# Directions for this task:
Using the listing below, set down each line from the line containing "- rack shelf [893, 471, 948, 495]" through the line containing "- rack shelf [892, 439, 949, 468]", both ends included, exactly and with nothing added.
****************************************
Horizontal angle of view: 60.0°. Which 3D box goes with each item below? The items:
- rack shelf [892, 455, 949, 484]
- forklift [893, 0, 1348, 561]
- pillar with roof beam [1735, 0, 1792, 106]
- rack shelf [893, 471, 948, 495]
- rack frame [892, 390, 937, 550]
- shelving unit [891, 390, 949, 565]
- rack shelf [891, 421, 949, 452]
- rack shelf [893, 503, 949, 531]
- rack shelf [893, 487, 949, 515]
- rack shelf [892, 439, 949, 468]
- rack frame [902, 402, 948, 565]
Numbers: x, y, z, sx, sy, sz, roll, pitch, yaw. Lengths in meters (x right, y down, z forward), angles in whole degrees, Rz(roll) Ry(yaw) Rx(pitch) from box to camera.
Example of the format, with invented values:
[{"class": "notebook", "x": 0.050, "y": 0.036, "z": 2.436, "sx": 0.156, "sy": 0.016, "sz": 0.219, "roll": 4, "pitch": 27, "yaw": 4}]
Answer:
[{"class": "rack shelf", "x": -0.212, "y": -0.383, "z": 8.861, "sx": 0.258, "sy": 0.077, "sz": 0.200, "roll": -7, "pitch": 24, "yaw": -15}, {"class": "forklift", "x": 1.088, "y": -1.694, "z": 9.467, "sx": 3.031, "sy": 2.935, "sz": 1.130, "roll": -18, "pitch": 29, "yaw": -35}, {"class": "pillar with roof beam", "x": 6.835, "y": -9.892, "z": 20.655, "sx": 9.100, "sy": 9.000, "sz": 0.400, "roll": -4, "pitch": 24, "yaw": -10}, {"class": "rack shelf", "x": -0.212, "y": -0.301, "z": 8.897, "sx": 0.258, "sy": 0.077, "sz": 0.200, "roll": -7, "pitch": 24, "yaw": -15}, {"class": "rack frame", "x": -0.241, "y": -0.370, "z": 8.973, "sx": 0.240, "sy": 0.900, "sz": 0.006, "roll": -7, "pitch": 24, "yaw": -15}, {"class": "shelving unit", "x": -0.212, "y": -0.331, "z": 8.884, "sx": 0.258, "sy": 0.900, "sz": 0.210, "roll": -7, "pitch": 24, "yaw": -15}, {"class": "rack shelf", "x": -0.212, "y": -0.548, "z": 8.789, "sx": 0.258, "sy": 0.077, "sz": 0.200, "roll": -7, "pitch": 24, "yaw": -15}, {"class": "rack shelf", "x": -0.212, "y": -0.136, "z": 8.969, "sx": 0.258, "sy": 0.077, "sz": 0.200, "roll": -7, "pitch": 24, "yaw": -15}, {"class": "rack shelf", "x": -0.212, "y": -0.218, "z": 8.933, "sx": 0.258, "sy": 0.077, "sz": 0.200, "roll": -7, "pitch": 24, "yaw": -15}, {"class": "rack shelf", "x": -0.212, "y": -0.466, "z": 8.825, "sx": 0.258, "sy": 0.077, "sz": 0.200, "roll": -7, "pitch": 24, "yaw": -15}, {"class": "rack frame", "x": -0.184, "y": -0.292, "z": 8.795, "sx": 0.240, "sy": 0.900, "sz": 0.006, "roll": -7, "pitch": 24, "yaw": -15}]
****************************************
# Output for this exercise:
- rack shelf [893, 471, 948, 495]
- rack frame [892, 390, 937, 550]
- shelving unit [891, 390, 949, 565]
- rack shelf [891, 421, 949, 452]
- rack shelf [893, 503, 949, 531]
- rack shelf [893, 487, 949, 515]
- rack shelf [892, 439, 949, 468]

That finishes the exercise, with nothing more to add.